Question

If the sum of the digits of the number $ N={{2000}^{11}}-2011 $ is S, then
A. S is a prime number
B. Sum of digits of S is 10
C. (S+1) is divisible by exactly 3 prime numbers
D. S is a composite number

Answer 1

Hint: we can solve this question by writing $ 2000 $ in the form of its factors and ‘2’ and ‘10’ as $ 2000=2\times 1000=2\times {{10}^{3}} $ and then solve it as the number will end in $ 3\times 11=33 $ zeros and then 2011 will be subtracted from it and we will get the value of ‘N’ resulting in the value of ‘S’. Then we can check all the options based on the value of ‘S’ and find out the right options.

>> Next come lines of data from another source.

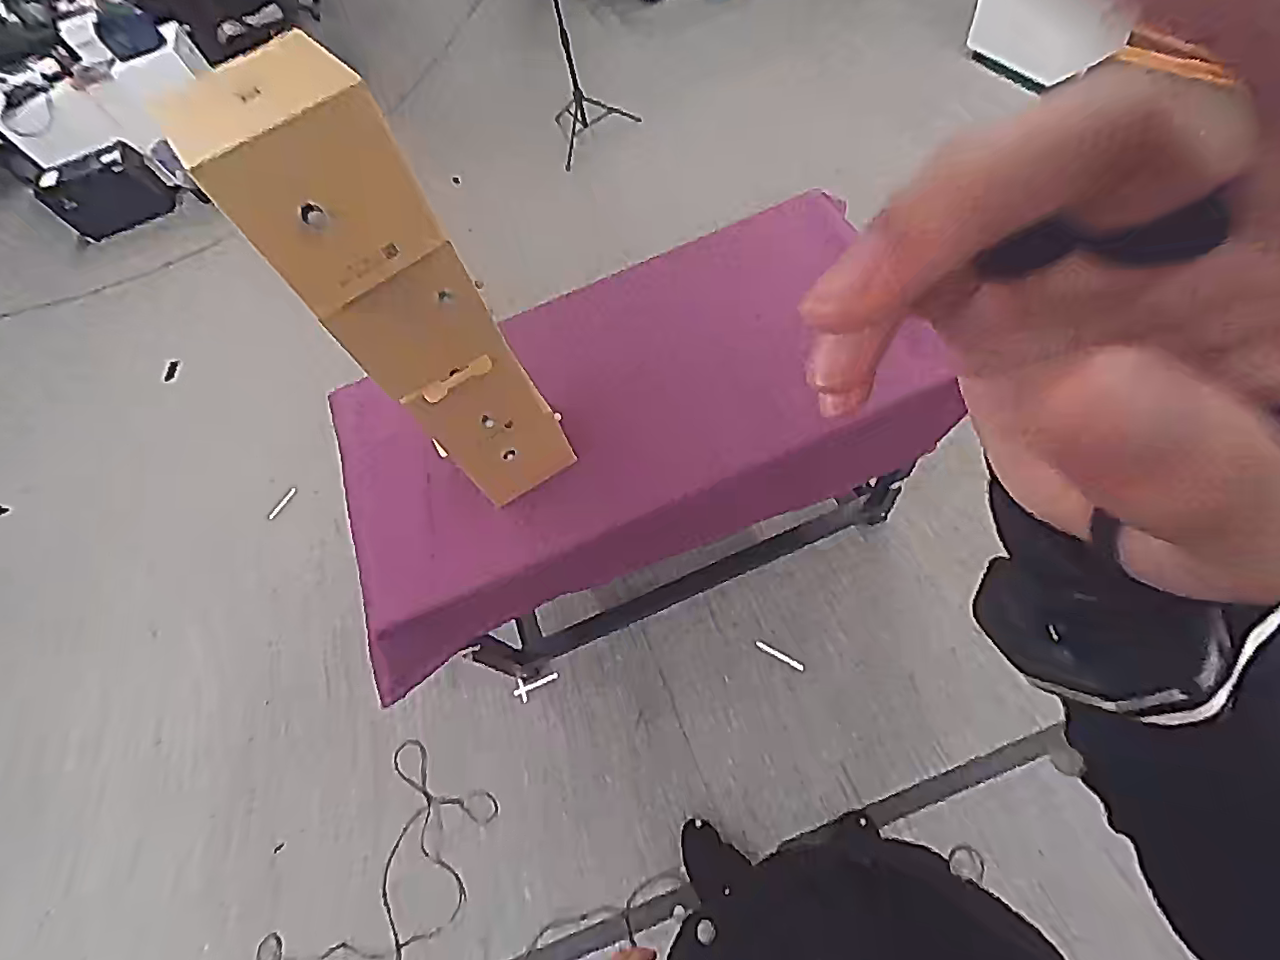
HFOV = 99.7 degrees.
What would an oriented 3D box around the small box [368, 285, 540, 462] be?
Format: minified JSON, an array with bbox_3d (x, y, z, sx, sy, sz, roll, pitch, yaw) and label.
[{"bbox_3d":[-0.285,-0.161,0.850,0.168,0.176,0.179,-33,61,-7],"label":"small box"}]

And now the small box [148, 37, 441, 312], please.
[{"bbox_3d":[-0.341,-0.305,0.560,0.168,0.176,0.179,-39,61,-12],"label":"small box"}]

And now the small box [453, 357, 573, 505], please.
[{"bbox_3d":[-0.247,-0.083,0.990,0.179,0.176,0.168,-32,61,-8],"label":"small box"}]
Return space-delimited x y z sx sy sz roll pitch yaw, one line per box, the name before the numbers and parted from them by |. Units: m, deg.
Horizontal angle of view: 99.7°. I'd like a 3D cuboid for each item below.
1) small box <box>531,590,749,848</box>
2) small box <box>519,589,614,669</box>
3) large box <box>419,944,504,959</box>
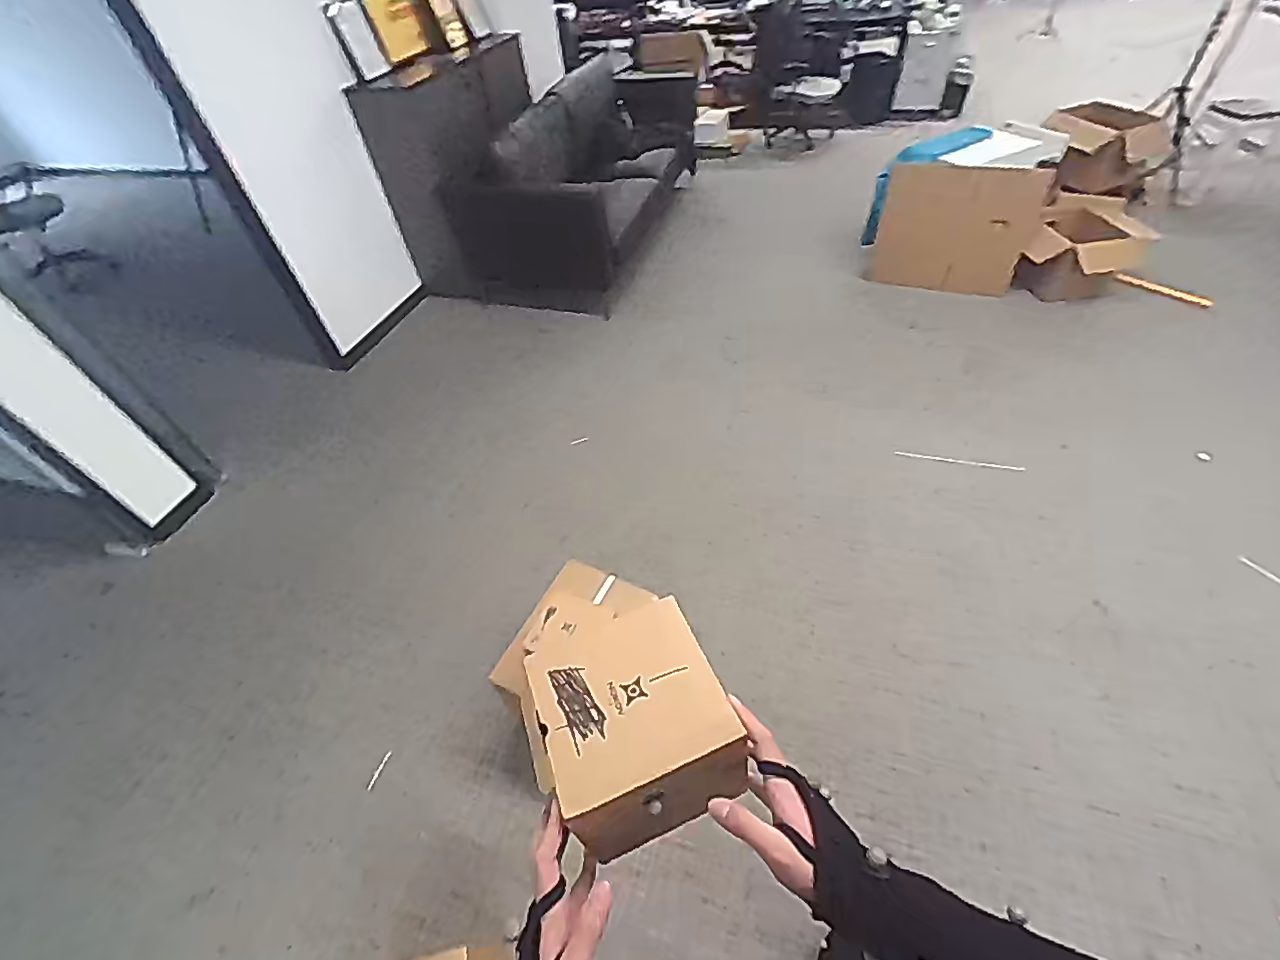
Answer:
small box | 0.004 0.257 0.579 0.179 0.176 0.168 -21 45 -10
small box | -0.167 0.404 1.336 0.179 0.176 0.168 16 51 18
large box | -0.419 1.167 1.002 0.320 0.320 0.408 -15 49 -6
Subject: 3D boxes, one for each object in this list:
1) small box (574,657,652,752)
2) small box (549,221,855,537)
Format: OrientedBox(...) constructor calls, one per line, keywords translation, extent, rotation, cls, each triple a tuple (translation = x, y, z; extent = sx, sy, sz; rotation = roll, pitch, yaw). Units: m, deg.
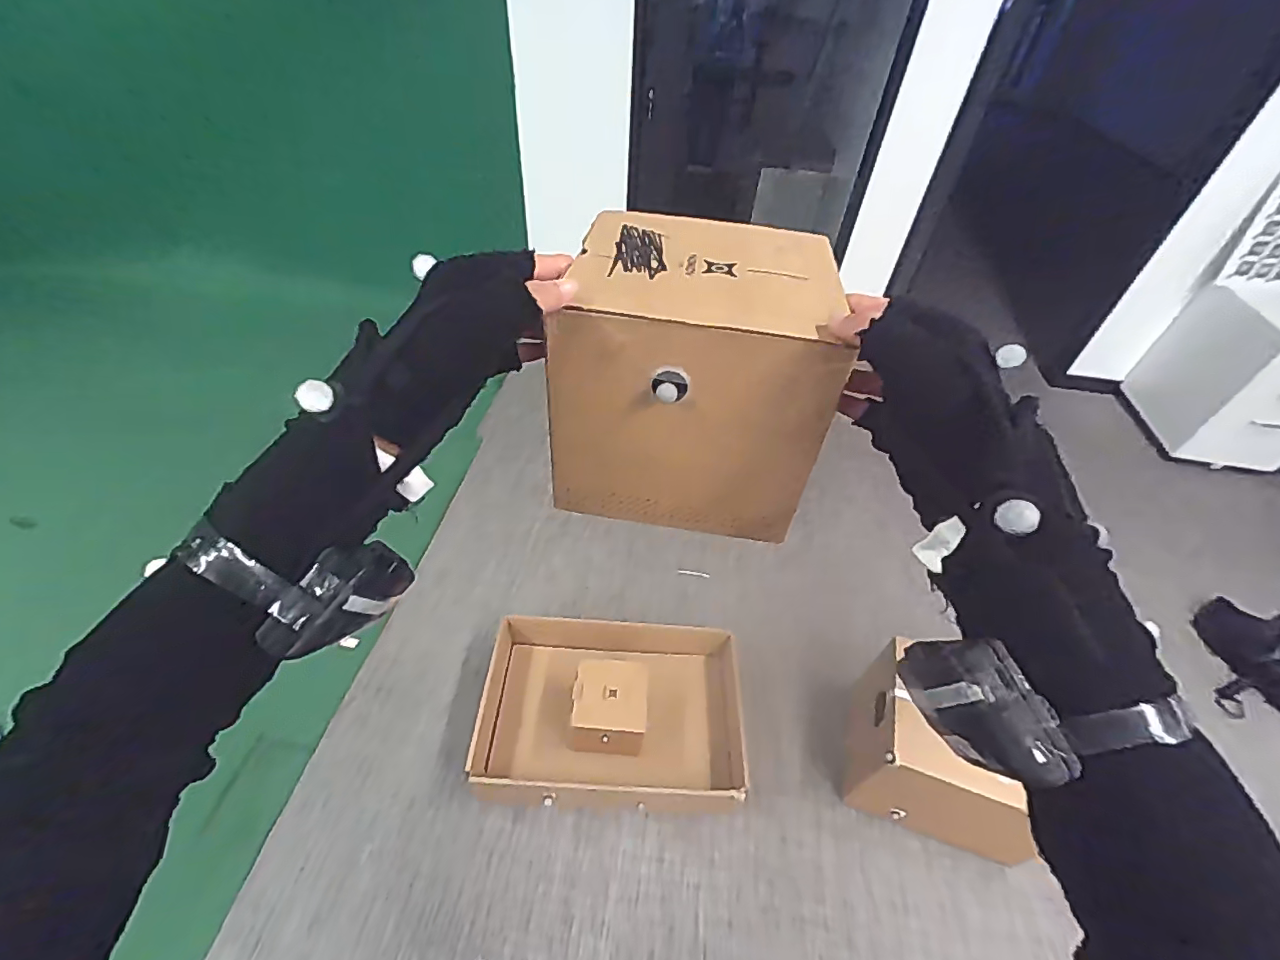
OrientedBox(translation=(-0.065, 0.557, 1.335), extent=(0.179, 0.176, 0.168), rotation=(5, 46, -1), cls="small box")
OrientedBox(translation=(0.039, -0.076, 0.412), extent=(0.179, 0.176, 0.168), rotation=(9, 44, 3), cls="small box")
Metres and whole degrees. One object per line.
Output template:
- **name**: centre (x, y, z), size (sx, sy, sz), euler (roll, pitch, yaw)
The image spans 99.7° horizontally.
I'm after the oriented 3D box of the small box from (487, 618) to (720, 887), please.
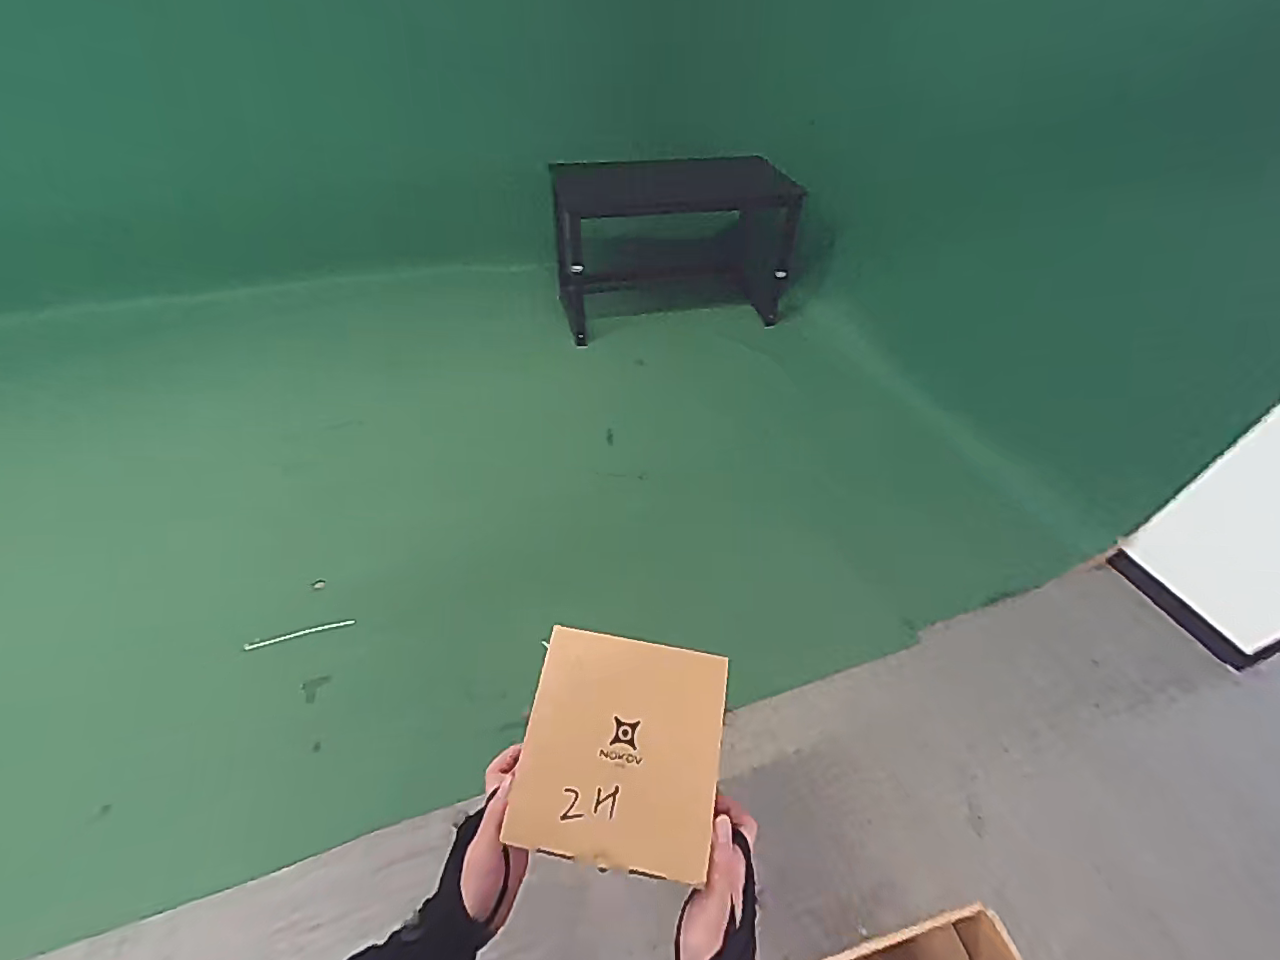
- **small box**: centre (-0.025, 0.253, 0.517), size (0.168, 0.176, 0.179), euler (9, 62, 5)
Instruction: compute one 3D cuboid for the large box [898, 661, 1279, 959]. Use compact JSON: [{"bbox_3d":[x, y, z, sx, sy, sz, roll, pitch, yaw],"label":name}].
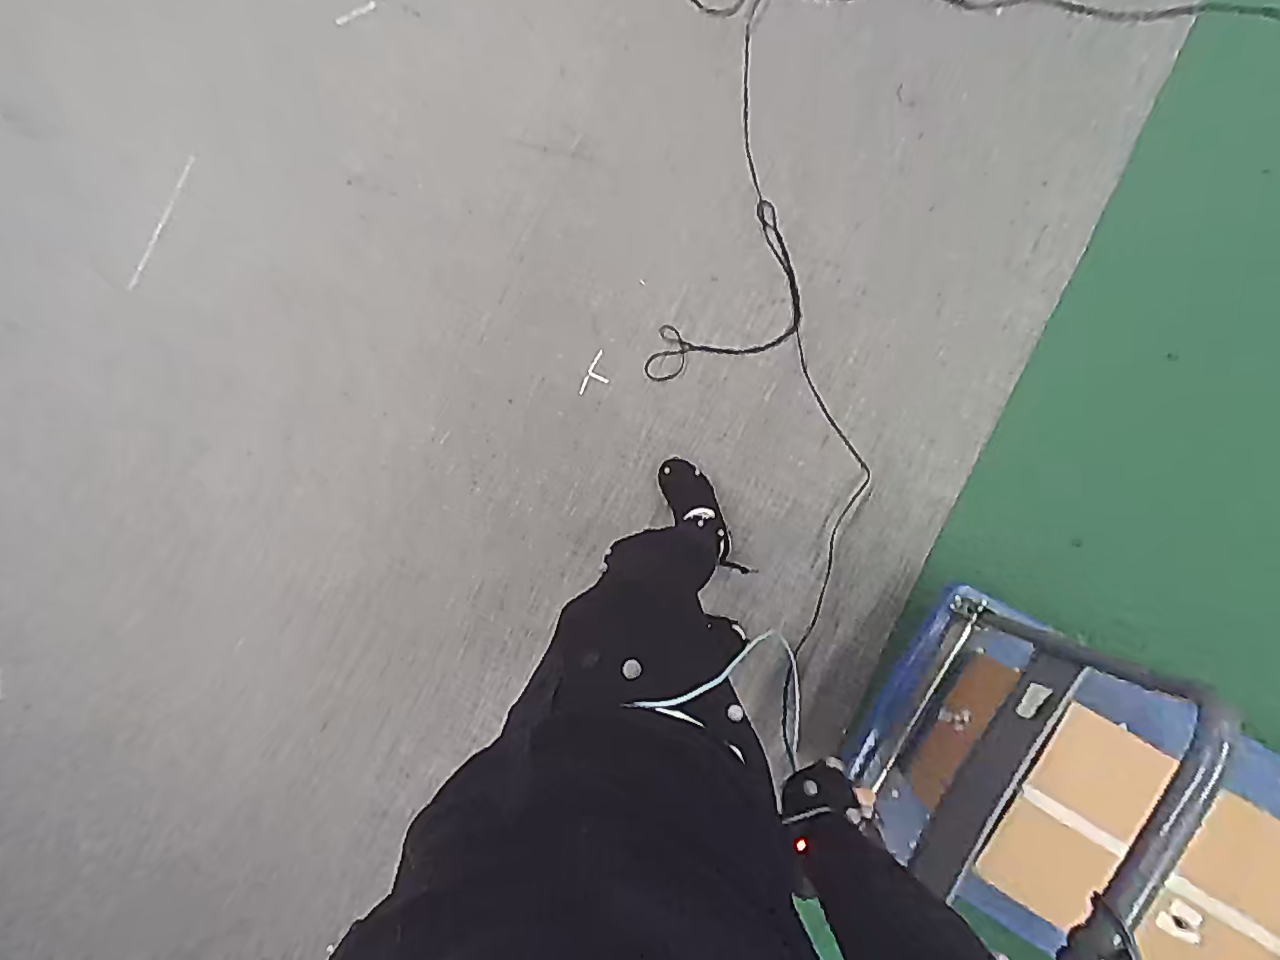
[{"bbox_3d":[0.763,0.590,0.965,0.408,0.320,0.320,31,91,8],"label":"large box"}]

Complete step-by-step answer:
Now, we know that $ 2000=2\times 1000=2\times {{10}^{3}} $
Therefore, $ N={{(2\times {{10}^{3}})}^{11}}-2011 $
 $ \begin{align}
  & \Rightarrow N={{2}^{11}}\times {{10}^{33}}-2011 \\
 & \Rightarrow N=2048\times {{10}^{33}}-2011 \\
\end{align} $
Now we know that $ {{10}^{33}}=100000....\left( 33zeros \right) $
Therefore, $ N=2048\times 10000....(33zeros)-2011 $
 $ \begin{align}
  & \Rightarrow N=20480000....(33zeros)-2011 \\
 & \Rightarrow N=20479999....\left( 29nines \right)7989 \\
\end{align} $
Therefore sum of the digits of ‘N’ will be given by:
 $ \begin{align}
  & S=2+0+4+7+9+9+9+....+9\left( 29nines \right)+7+9+8+9 \\
 & S=2+4+7+9\times 29+7+9+8+9 \\
 & S=46+261 \\
 & S=307 \\
\end{align} $
Therefore the value of $ S=307 $
Now we will check for all the options.

Checking for option (A):
As 307 does not have any factor except for 1 and itself, it is a prime number.
Therefore, option (A) is a correct option.

Checking for option (B):
Sum of digits of S $ =3+0+7=10 $
Thus, the sum of digits of S is ‘10’ as given in the option.
Therefore, option (B) is a correct option.

Checking for option (C):
 $ S+1=307+1=308 $
After prime factorisation of S+1, we will get all the prime numbers S+1 is divisible by and then we will count them and see if they are equal to 3 or not.
Now, we know that $ 308={{2}^{2}}\times 7\times 11 $
Thus, S+1 is divisible by 3 prime numbers:2,7 and 11
Therefore, option (C) is also a correct option.

Checking for option (D):
As we have already established while checking for option (A) that S is a prime number therefore it cannot be a composite number at the same time.
Hence, option (D) is not a correct option.

So, the correct answer is “Option A,B and C”.

Note: Calculation of S should be done very carefully. After calculating $ {{2000}^{11}} $ , care should be taken while subtracting $ 2011 $ from it. $ 2011 $ will appear downside of the last 4 zeroes and the rest of the zeros would be converted into ‘9’.